One of those events may be the Columbia River basalt flows. It is actually the sort of thing that could have happened then. The studies on aging were saying that they were far older than that. And I would have been happy to simply leave it at there. Except human artifacts were then located below the basalt itself. When that happens, something has to give and ignoring the evidence is utterly unacceptable.

At which point everyone remembers that the basalts look fresh. That is also my beef about a lot of the mountains in the Andes and Himalayas and along the ring of fire. There are simply way too many surfaces defying gravity for a few million years to be very believable. If anything, the record shows an eruption of activity perhaps fifteen thousands of years ago followed be a steady settling down of such activity.

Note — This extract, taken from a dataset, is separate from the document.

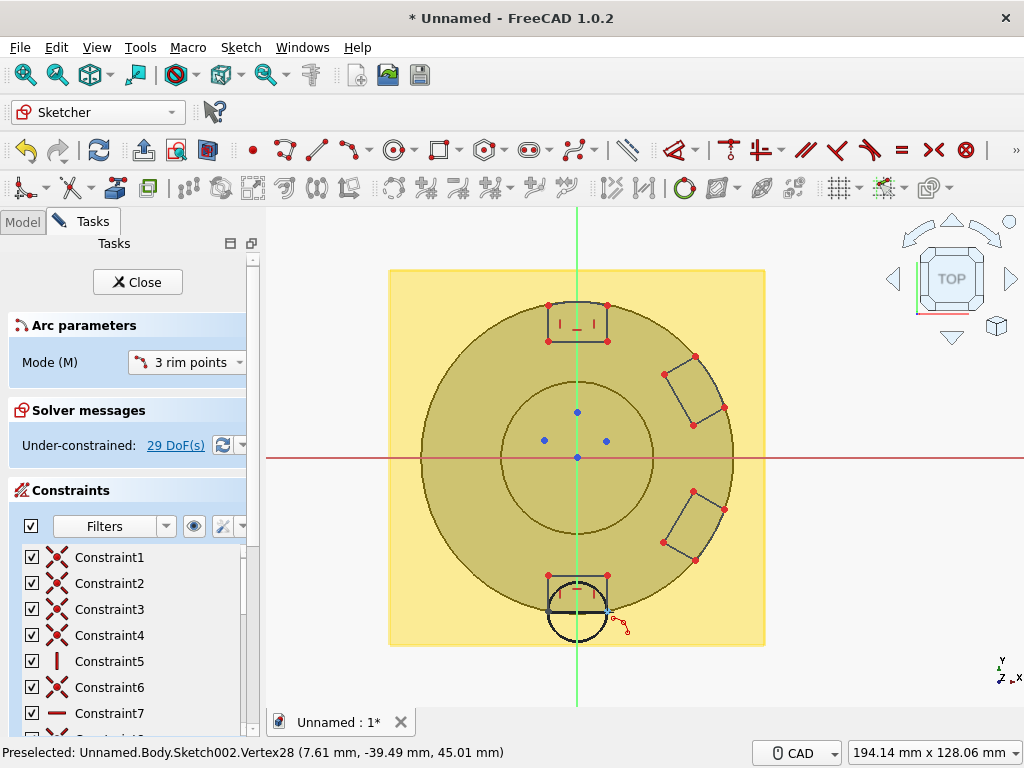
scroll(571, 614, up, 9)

This also suggests that we should look to the Northern points of weakness and this quickly gives us the hyperactive Alaska volcanoes and Iceland by itself astride the crustal divergence rifts. Iceland likely was build during this era. The oldest rocks in Iceland are a meager 23,000 years, at least the last time I checked the literature.

It always amazes me that when you have a successful conjecture, how easily evidence falls into place. Right now we know specifically where to look.

I will make one additional comment. The early proponents of a crustal shift including Hapworth and Einstein opened the door to a couple of additional shifts which I dismissed as unlikely. With the advent of direct human causation, additional shifts become feasible and simply may have been necessary to achieve the final configuration that has given us the Holocene.

This is just a beginning. There are many reports out there that have been shelved that suddenly make a lot of sense if we are using my conjectures. If you see something in an odd location that I should see, let me know.